Asymmetric sequence evolution is associated with asymmetric expression divergence. (a) Scatter plots showing a comparison of the relationship between the asymmetric expression index and asymmetric evolutionary rate (i.e., the difference of relative branch length between two copies) among the WG duplicates and the tandem duplicates. Gray dots indicate the duplicate pairs without asymmetric sequence evolution and black dots indicate the duplicate pairs with asymmetric sequence evolution. The black line represents the local regression fit. (b) Scatter plots showing the relationship between expression breath and relative evolutionary rate (i.e., relative branch length since gene duplication) among the WG duplicates and the tandem duplicates. Gray dots indicate the nonaccelerated copy and black dots indicate the accelerated copy among duplicates with asymmetric sequence evolution. The black line represents the local regression fit using the “lowess” function in R.

Potential Cases of Neofunctionalization Involving Pollen

Among the reciprocally expressed WG duplicates, a significantly higher percentage of expression gain was found in pollen than in other organ types. There were 44 gene pairs that showed expression gain in pollen (supplementary table S7, Supplementary Material online). Among them, six pairs of duplicated genes showed especially contrasting reciprocal expression patterns that involved pollen (fig. 7). These six pairs of duplicated genes all showed that one copy has gained expression in pollen; in contrast, its duplicated partner has broad expression across different organ types but no expression in pollen. Four of the gene pairs also showed asymmetric sequence evolution, including GDSL-motif lipase/hydrolase genes (AT5G03610 and AT3G09930), dynamin-related genes (AT3G60190 and AT2G44590), trichome birefringence–like genes (AT5G06700 and AT3G12060), and serine–threonine protein phosphatase genes (AT1G03445 and AT4G03080) (fig. 7c–f). The serine/threonine protein phosphatase genes play important roles in the brassinosteroid signaling pathway (see details below). However, the functions for most of the other gene pairs remain uncharacterized. Dynamin-like proteins have been shown to be involved in pollen tube development (Konopka et al. 2008; Backues et al. 2010), although it is not known if the gene pairs studied here have those functions. The previously reported SSP and BSK1 gene pair (Liu and Adams 2010), which showed pollen-specific reciprocal expression and asymmetric sequence evolution, were not identified in this study because SSP has undergone a subsequent duplication and such genes were excluded from this study. Thus, there may be additional duplicated genes in the A. thaliana genome that show reciprocal expression involving pollen with regulatory neofunctionalization and asymmetric sequence rate evolution.

FIG. 7.—

Reciprocal expression involving pollen. Diagrams showing some striking reciprocally expressed gene duplicates in which one copy showed a restricted expression pattern and gain of expression in pollen (a–f) plus accelerated sequence evolution (c–f). MAS5-normalized microarray gene expression data from 63 different developmental stages and organ types. Absence or presence of expression was determined by using the mas5calls function in Bioconductor. Error bars indicate standard deviations (n = 3). The 63 different developmental stages and organ types are listed in supplementary fig. S1, Supplementary Material online.

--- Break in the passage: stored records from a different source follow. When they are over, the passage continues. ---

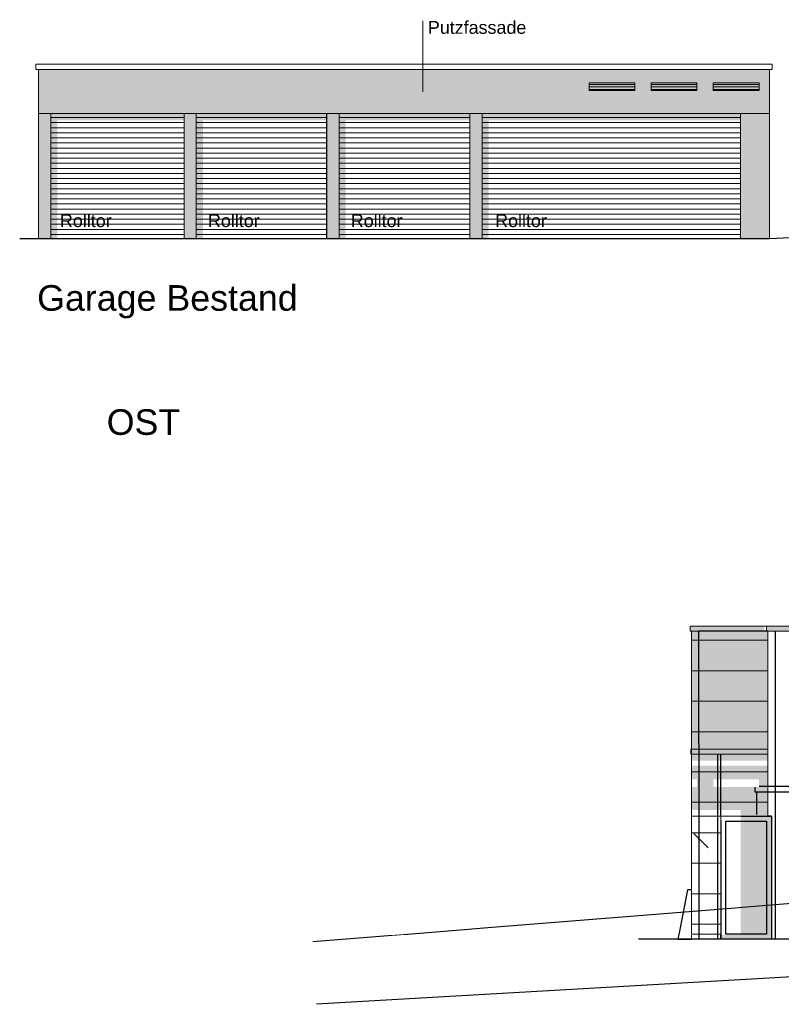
# Model space of a CAD drawing. Header units: metres. Extents: x -8.5 to 47, y -9.6 to 55.9.
# Tile 2 of 13: x -8.5 to 6.5, y 5.1 to 24.5. Entities that reach past the tile are written whole.
import ezdxf

# ---------------------------------------------------------------- set-up
doc = ezdxf.new("R2010")
doc.units = ezdxf.units.M
doc.set_wipeout_variables(frame=1)
for name, color, linetype in [('002AA_AA', 109, 'Continuous'), ('003ARCH_A', 7, 'Continuous'), ('003TX_TXT', 7, 'Continuous')]:
    doc.layers.add(name, color=color, linetype=linetype)
doc.layers.add('003SON_SON', color=7, linetype='Continuous', plot=False)
doc.styles.add('ARIAL', font='arial.ttf')
doc.styles.add('Arial Narrow', font='arial.ttf')
pattern_1 = [(0, (33.06693, 39.88212), (0, 0.1), [])]
pattern_2 = [(0, (33.066935, 39.882123), (0, 0.05), [])]

msp = doc.modelspace()

# ---------------------------------------------------------------- hatches: boundary and pattern name
at = {"layer": '003ARCH_A', "linetype": 'Continuous', "lineweight": 0}
for points in [[(-8.1464, 23.5279), (6.2186, 23.5279), (6.2186, 22.6579), (-8.1464, 22.6579)], [(-8.1464, 22.6579), (-7.9064, 22.6579), (-7.9064, 20.1979), (-8.1464, 20.1979)], [(-5.2864, 22.6579), (-5.0464, 22.6579), (-5.0464, 20.1979), (-5.2864, 20.1979)], [(-2.4764, 22.6579), (-2.2364, 22.6579), (-2.2364, 20.1979), (-2.4764, 20.1979)], [(0.3336, 22.6579), (0.5736, 22.6579), (0.5736, 20.1979), (0.3336, 20.1979)], [(5.6536, 22.6579), (6.2186, 22.6579), (6.2186, 20.1979), (5.6536, 20.1979)], [(6.1137, 12.4841), (4.6617, 12.4841), (4.6617, 12.5841), (6.1137, 12.5841)], [(7.6307, 12.4841), (6.1617, 12.4841), (6.1617, 12.5841), (7.6307, 12.5841)], [(6.1917, 10.1665), (4.6917, 10.1665), (4.6917, 11.6029), (4.6917, 12.4841), (6.1917, 12.4841)], [(6.1917, 10.0665), (4.6771, 10.0665), (4.6771, 10.1665), (6.1917, 10.1665)], [(4.6917, 10.0665), (6.1917, 10.0665), (6.1917, 8.8465), (4.6917, 8.8465)], [(4.6917, 8.8465), (5.2667, 8.8465), (5.2667, 6.5265), (4.6917, 6.5265)], [(5.2667, 8.8465), (6.2617, 8.8465), (6.2617, 6.4265), (5.2667, 6.4265)], [(5.3667, 8.7465), (6.1617, 8.7465), (6.1617, 6.5265), (5.3667, 6.5265)]]:
    msp.add_hatch(color=254, dxfattribs=at).paths.add_polyline_path(points)
at = {"layer": '003ARCH_A', "linetype": 'Continuous', "lineweight": 9}
h = msp.add_hatch(dxfattribs=at)
h.set_pattern_fill('GLAS HORIZ_ 1MM', color=254, style=0, pattern_type=2)
h.set_pattern_definition(pattern_2)
h.paths.add_polyline_path([(2.6757, 23.2614), (3.5757, 23.2614), (3.5757, 23.1114), (2.6757, 23.1114)])
h = msp.add_hatch(dxfattribs=at)
h.set_pattern_fill('GLAS HORIZ_ 1MM', color=254, style=0, pattern_type=2)
h.set_pattern_definition(pattern_2)
h.paths.add_polyline_path([(3.8957, 23.2614), (4.7957, 23.2614), (4.7957, 23.1114), (3.8957, 23.1114)])
h = msp.add_hatch(dxfattribs=at)
h.set_pattern_fill('GLAS HORIZ_ 1MM', color=254, style=0, pattern_type=2)
h.set_pattern_definition(pattern_2)
h.paths.add_polyline_path([(5.1157, 23.2614), (6.0157, 23.2614), (6.0157, 23.1114), (5.1157, 23.1114)])
h = msp.add_hatch(dxfattribs=at)
h.set_pattern_fill('GLAS HORIZ_ 2MM', style=0, pattern_type=2)
h.set_pattern_definition(pattern_1)
h.paths.add_polyline_path([(-7.9064, 22.6579), (-5.2864, 22.6579), (-5.2864, 20.1979), (-7.9064, 20.1979)])
h = msp.add_hatch(dxfattribs=at)
h.set_pattern_fill('GLAS HORIZ_ 2MM', style=0, pattern_type=2)
h.set_pattern_definition(pattern_1)
h.paths.add_polyline_path([(-5.0464, 22.6579), (-2.4764, 22.6579), (-2.4764, 20.1979), (-5.0464, 20.1979)])
h = msp.add_hatch(dxfattribs=at)
h.set_pattern_fill('GLAS HORIZ_ 2MM', style=0, pattern_type=2)
h.set_pattern_definition(pattern_1)
h.paths.add_polyline_path([(-2.2364, 22.6579), (0.3336, 22.6579), (0.3336, 20.1979), (-2.2364, 20.1979)])
h = msp.add_hatch(dxfattribs=at)
h.set_pattern_fill('GLAS HORIZ_ 2MM', style=0, pattern_type=2)
h.set_pattern_definition(pattern_1)
h.paths.add_polyline_path([(0.5736, 22.6579), (5.6536, 22.6579), (5.6536, 20.1979), (0.5736, 20.1979)])
at = {"layer": '003SON_SON', "linetype": 'Continuous', "lineweight": 0}
for points in [[(-7.7764, 20.2007), (-7.9064, 20.2007), (-7.9064, 22.6579), (-5.2864, 22.6579), (-5.2864, 22.5279), (-7.7764, 22.5279)], [(-4.9164, 20.2007), (-5.0464, 20.2007), (-5.0464, 22.6579), (-2.4764, 22.6579), (-2.4764, 22.5279), (-4.9164, 22.5279)], [(-2.1064, 20.2007), (-2.2364, 20.2007), (-2.2364, 22.6579), (0.3336, 22.6579), (0.3336, 22.5279), (-2.1064, 22.5279)], [(5.6536, 22.6579), (5.6536, 22.5279), (0.7036, 22.5279), (0.7036, 20.2007), (0.5736, 20.2007), (0.5736, 22.6579)]]:
    msp.add_hatch(color=251, dxfattribs=at).paths.add_polyline_path(points)

# ---------------------------------------------------------------- linework, layer by layer
at = {"layer": '002AA_AA', "color": 7}
for p, q in [((6.2186, 20.1979), (-8.5163, 20.1979)), ((-7.1888, 20.1979), (-8.1464, 20.1979)), ((8.3436, 20.2879), (6.2186, 20.1979)), ((11.0273, 5.9404), (-2.6829, 5.1469))]:
    msp.add_line(p, q, dxfattribs=at)
at = {"layer": '003ARCH_A', "color": 7, "linetype": 'Continuous', "lineweight": 9}
for p, q in [((-8.1464, 23.3379), (-8.1464, 20.1979)), ((6.2186, 23.3379), (6.2186, 20.1979)), ((6.2186, 22.6579), (-8.1464, 22.6579)), ((-7.1888, 22.6579), (-8.1464, 22.6579)), ((-7.9064, 22.6579), (-7.9064, 20.1979)), ((5.6536, 22.6579), (5.6536, 20.1979)), ((6.1917, 12.3045), (4.6917, 12.3045)), ((6.1917, 11.7045), (4.6917, 11.7045)), ((6.1917, 11.1045), (4.6917, 11.1045)), ((6.1917, 10.5045), (4.6917, 10.5045)), ((6.1917, 9.7203), (4.6917, 9.7203)), ((6.1917, 9.1203), (4.6917, 9.1203))]:
    msp.add_line(p, q, dxfattribs=at)
at = {"layer": '003ARCH_A', "color": 7, "linetype": 'Continuous', "lineweight": 15}
for p, q in [((-5.2864, 20.1979), (-5.2864, 22.6579)), ((-5.0464, 20.1979), (-5.0464, 22.6579)), ((-2.2364, 20.1979), (-2.2364, 22.6579)), ((0.3336, 20.1979), (0.3336, 22.6579)), ((0.5736, 20.1979), (0.5736, 22.6579))]:
    msp.add_line(p, q, dxfattribs=at)
at = {"layer": '003ARCH_A', "color": 7}
for p, q in [((-2.4764, 20.1979), (-2.4764, 22.6579)), ((4.8317, 11.8341), (4.8317, 12.4841)), ((6.1917, 12.4841), (4.8317, 12.4841)), ((4.8317, 10.2662), (4.8317, 11.8341)), ((11.0958, 9.4267), (5.9367, 9.4267)), ((5.9367, 9.4267), (5.9367, 9.3267)), ((5.9367, 9.3267), (11.0959, 9.3262)), ((5.9667, 9.3267), (5.9667, 8.8765)), ((6.2617, 8.8465), (6.1917, 8.8465)), ((6.2617, 8.8465), (6.2617, 7.147))]:
    msp.add_line(p, q, dxfattribs=at)
at = {"layer": '003ARCH_A', "color": 7, "linetype": 'Continuous', "lineweight": 18}
for p, q in [((6.1917, 12.5841), (4.6917, 12.5841)), ((4.6917, 12.4841), (4.6917, 11.6941)), ((4.6917, 8.9067), (4.6917, 6.4265))]:
    msp.add_line(p, q, dxfattribs=at)
at = {"layer": '003ARCH_A', "color": 254, "linetype": 'Continuous', "lineweight": 18, "flags": 128}
for points in [[(-8.1989, 23.6279), (6.2711, 23.6279), (6.2711, 23.5279), (-8.1989, 23.5279)], [(2.6757, 23.2614), (3.5757, 23.2614), (3.5757, 23.1114), (2.6757, 23.1114)], [(3.8957, 23.2614), (4.7957, 23.2614), (4.7957, 23.1114), (3.8957, 23.1114)], [(5.1157, 23.2614), (6.0157, 23.2614), (6.0157, 23.1114), (5.1157, 23.1114)], [(6.1917, 10.1665), (4.6917, 10.1665), (4.6917, 11.6029), (4.6917, 11.6029), (4.6917, 12.4841), (6.1917, 12.4841)], [(6.1917, 10.0665), (4.6771, 10.0665), (4.6771, 10.1665), (6.1917, 10.1665)]]:
    msp.add_lwpolyline(points, close=True, dxfattribs=at)
at = {"layer": '003ARCH_A', "color": 254, "linetype": 'Continuous', "lineweight": 9, "flags": 128}
for points in [[(-8.1464, 23.5279), (6.2186, 23.5279), (6.2186, 22.6579), (-8.1464, 22.6579)], [(-8.1464, 22.6579), (-7.9064, 22.6579), (-7.9064, 20.1979), (-8.1464, 20.1979)], [(-5.2864, 22.6579), (-5.0464, 22.6579), (-5.0464, 20.1979), (-5.2864, 20.1979)], [(-2.4764, 22.6579), (-2.2364, 22.6579), (-2.2364, 20.1979), (-2.4764, 20.1979)], [(0.3336, 22.6579), (0.5736, 22.6579), (0.5736, 20.1979), (0.3336, 20.1979)], [(5.6536, 22.6579), (6.2186, 22.6579), (6.2186, 20.1979), (5.6536, 20.1979)]]:
    msp.add_lwpolyline(points, close=True, dxfattribs=at)
at = {"layer": '003ARCH_A', "color": 7, "linetype": 'Continuous', "lineweight": 18, "flags": 128}
for points in [[(-7.9064, 22.6579), (-5.2864, 22.6579), (-5.2864, 20.1979), (-7.9064, 20.1979)], [(-5.0464, 22.6579), (-2.4764, 22.6579), (-2.4764, 20.1979), (-5.0464, 20.1979)], [(-2.2364, 22.6579), (0.3336, 22.6579), (0.3336, 20.1979), (-2.2364, 20.1979)], [(0.5736, 22.6579), (5.6536, 22.6579), (5.6536, 20.1979), (0.5736, 20.1979)]]:
    msp.add_lwpolyline(points, close=True, dxfattribs=at)
at = {"layer": '003ARCH_A', "color": 254, "linetype": 'Continuous', "lineweight": 18, "flags": 128}
for points in [[(6.1137, 12.4841), (4.6617, 12.4841), (4.6617, 12.5841), (6.1137, 12.5841)], [(7.6307, 12.4841), (6.1617, 12.4841), (6.1617, 12.5841), (7.6307, 12.5841)]]:
    msp.add_lwpolyline(points, dxfattribs=at)
at = {"layer": '003ARCH_A', "color": 254, "flags": 128}
msp.add_lwpolyline([(5.2667, 8.8465), (6.2617, 8.8465), (6.2617, 6.4265), (5.2667, 6.4265)], close=True, dxfattribs=at)
at = {"layer": '003TX_TXT', "color": 7, "linetype": 'Continuous', "lineweight": 18}
msp.add_line((-0.5893, 24.4859), (-0.5893, 23.0859), dxfattribs=at)

# ---------------------------------------------------------------- texts
at = {"layer": '003TX_TXT', "color": 7, "attachment_point": 1}
for s, insert, char_height, line_spacing_factor, style in [('Putzfassade', (-0.4931, 24.4792), 0.251722, 0.968358, 'Arial Narrow'), ('Rolltor', (-7.7249, 20.6799), 0.25172, 0.970891, 'ARIAL'), ('Rolltor', (-4.8153, 20.6799), 0.25172, 0.970891, 'ARIAL'), ('Rolltor', (-2.0081, 20.6799), 0.25172, 0.970891, 'ARIAL'), ('Rolltor', (0.8292, 20.6799), 0.25172, 0.970891, 'ARIAL'), ('Garage Bestand', (-8.1738, 19.2864), 0.503443, 0.970891, 'ARIAL'), ('OST', (-6.8062, 16.8461), 0.50344, 0.970891, 'ARIAL')]:
    msp.add_mtext(s, dxfattribs=dict(at, insert=insert, char_height=char_height, line_spacing_factor=line_spacing_factor, style=style))

# ---------------------------------------------------------------- wipeouts: each hides what was drawn before it
at = {"color": 254, "linetype": 'Continuous', "lineweight": 18}
msp.add_wipeout([(2.6757, 9.572), (3.5757, 9.572), (3.5757, 9.422), (2.6757, 9.422)], dxfattribs=at).dxf.layer = '003ARCH_A'
at = {"color": 255, "linetype": 'Continuous', "lineweight": 18}
for points in [[(-7.9064, 8.9685), (-5.2864, 8.9685), (-5.2864, 6.5085), (-7.9064, 6.5085)], [(-5.0464, 8.9685), (-2.4764, 8.9685), (-2.4764, 6.5085), (-5.0464, 6.5085)], [(-2.2364, 8.9685), (0.3336, 8.9685), (0.3336, 6.5085), (-2.2364, 6.5085)]]:
    msp.add_wipeout(points, dxfattribs=at).dxf.layer = '003ARCH_A'

# ---------------------------------------------------------------- next in the draw order: wipeouts: each hides what was drawn before it
at = {"color": 254, "linetype": 'Continuous', "lineweight": 18}
for points in [[(-8.1989, 9.9385), (6.2711, 9.9385), (6.2711, 9.8385), (-8.1989, 9.8385)], [(3.8957, 9.572), (4.7957, 9.572), (4.7957, 9.422), (3.8957, 9.422)], [(5.1157, 9.572), (6.0157, 9.572), (6.0157, 9.422), (5.1157, 9.422)]]:
    msp.add_wipeout(points, dxfattribs=at).dxf.layer = '003ARCH_A'
at = {"color": 255, "linetype": 'Continuous', "lineweight": 18}
msp.add_wipeout([(0.5736, 8.9685), (5.6536, 8.9685), (5.6536, 6.5085), (0.5736, 6.5085)], dxfattribs=at).dxf.layer = '003ARCH_A'

# ---------------------------------------------------------------- next in the draw order: linework, layer by layer
at = {"layer": '002AA_AA', "color": 7}
for p, q in [((11.0889, 7.4828), (4.8091, 6.9789)), ((4.8091, 6.9789), (-2.7538, 6.372)), ((7.0887, 6.4265), (3.6487, 6.4265))]:
    msp.add_line(p, q, dxfattribs=at)
at = {"layer": '003ARCH_A', "color": 7}
for p, q in [((6.3317, 12.4861), (6.3317, 6.4265)), ((4.8317, 10.2662), (4.8317, 6.4265)), ((5.1967, 10.0665), (5.1967, 6.4265)), ((5.2667, 8.8465), (5.2667, 10.0665)), ((5.2667, 8.7615), (5.2667, 6.4265)), ((4.7337, 8.5065), (5.0137, 8.2265)), ((4.612, 7.3965), (4.4222, 6.4265)), ((4.6976, 7.3965), (4.612, 7.3965)), ((4.4222, 6.4265), (4.6976, 6.4265))]:
    msp.add_line(p, q, dxfattribs=at)
at = {"layer": '003ARCH_A', "color": 7, "linetype": 'Continuous', "lineweight": 18}
msp.add_line((4.6917, 11.6941), (4.6917, 8.9067), dxfattribs=at)
at = {"layer": '003ARCH_A', "color": 7, "linetype": 'Continuous', "lineweight": 9}
for p, q in [((5.2667, 8.5203), (4.6917, 8.5203)), ((5.2667, 7.9203), (4.6917, 7.9203)), ((5.2667, 7.3203), (4.6917, 7.3203)), ((5.2667, 6.7203), (4.6917, 6.7203))]:
    msp.add_line(p, q, dxfattribs=at)
at = {"layer": '003ARCH_A', "color": 254, "linetype": 'Continuous', "lineweight": 18, "flags": 128}
for points in [[(4.6917, 10.0665), (6.1917, 10.0665), (6.1917, 8.8465), (4.6917, 8.8465)], [(4.6917, 8.8465), (5.2667, 8.8465), (5.2667, 6.5265), (4.6917, 6.5265)]]:
    msp.add_lwpolyline(points, close=True, dxfattribs=at)
at = {"layer": '003ARCH_A', "color": 254, "flags": 128}
msp.add_lwpolyline([(5.3667, 8.7465), (6.1617, 8.7465), (6.1617, 6.5265), (5.3667, 6.5265)], close=True, dxfattribs=at)

doc.saveas('drawing.dxf')

Regulatory Neofunctionalization in Pollen of a Pair of Serine–Threonine Protein Phosphatase Genes

One example of regulatory neofunctionalization among the genes showing reciprocal expression in pollen is a pair of serine–threonine protein phosphatase genes, BSU1 (AT1G03445) and BSL1 (AT4G03080). Because the function of BSU1 has been well characterized, we have done experiments and additional analyses to further characterize the duplicated gene pair from an evolutionary perspective. BSU1 operates in the brassinosteroid signal transduction pathway by inactivating BIN2, ultimately allowing for expression of brassinosteroid target genes (Mora-García et al. 2004; Kim et al. 2009; Ryu et al. 2010). BSL1 also has been shown to interact with BIN2, albeit most functional studies were done with BSU1, suggesting that BSL1 probably plays similar role as BSU1 in the brassinosteroid signaling pathway (Kim et al. 2009).

The ADA microarray data indicated that BSU1 was only expressed in pollen, whereas BSL1 was expressed in most organ types but not in pollen (fig. 7f). To validate the expression pattern observed in the microarray data, we then performed RT-PCR, which is more sensitive. BSU1 showed strong expression in mature pollen and very weak expression in roots and whole flowers, whereas BSL1 showed expression in different organ types but not in pollen (fig. 8a). Thus, our RT-PCR assay further supports the reciprocal expression pattern between BSU1 and BSL1observed in the microarray data, indicative of their expression divergence after gene duplication. From the MRCA expression pattern analysis, we inferred that BSU1 acquired expression in pollen (table 1), indicative of regulatory neofunctionalization. To gain further support for regulatory neofunctionalization of BSU1, we conducted RT-PCR expression assays using orthologs from two outgroup species, C. papaya and V. vinifera. In both orthologs, expression was detected in multiple organ types, but no expression was detected in mature pollen (fig. 8a). This result further supports our inference from the MRCA expression analysis that BSL1 reflects the ancestral expression pattern and that BSU1 acquired expression in mature pollen.

In addition to regulatory neofunctionalization, BSU1 has considerably accelerated sequence evolution compared with BSL1 (table 1). To further examine the degree of asymmetric sequence evolution, we conducted a more detailed sequence rate analysis using multiple outgroup species. The K_a/K_s ratio analysis indicated that BSU1 evolved approximately four times faster than BSL1 (LRT, P = 0.002; fig. 8b). Moreover, a positive selection analysis using a branch-site model suggested that several codons in BSU1 underwent positive selection since gene duplication (LRT, P = 0.009; supplementary fig. S7, Supplementary Material online), further supporting the neofunctionalization model.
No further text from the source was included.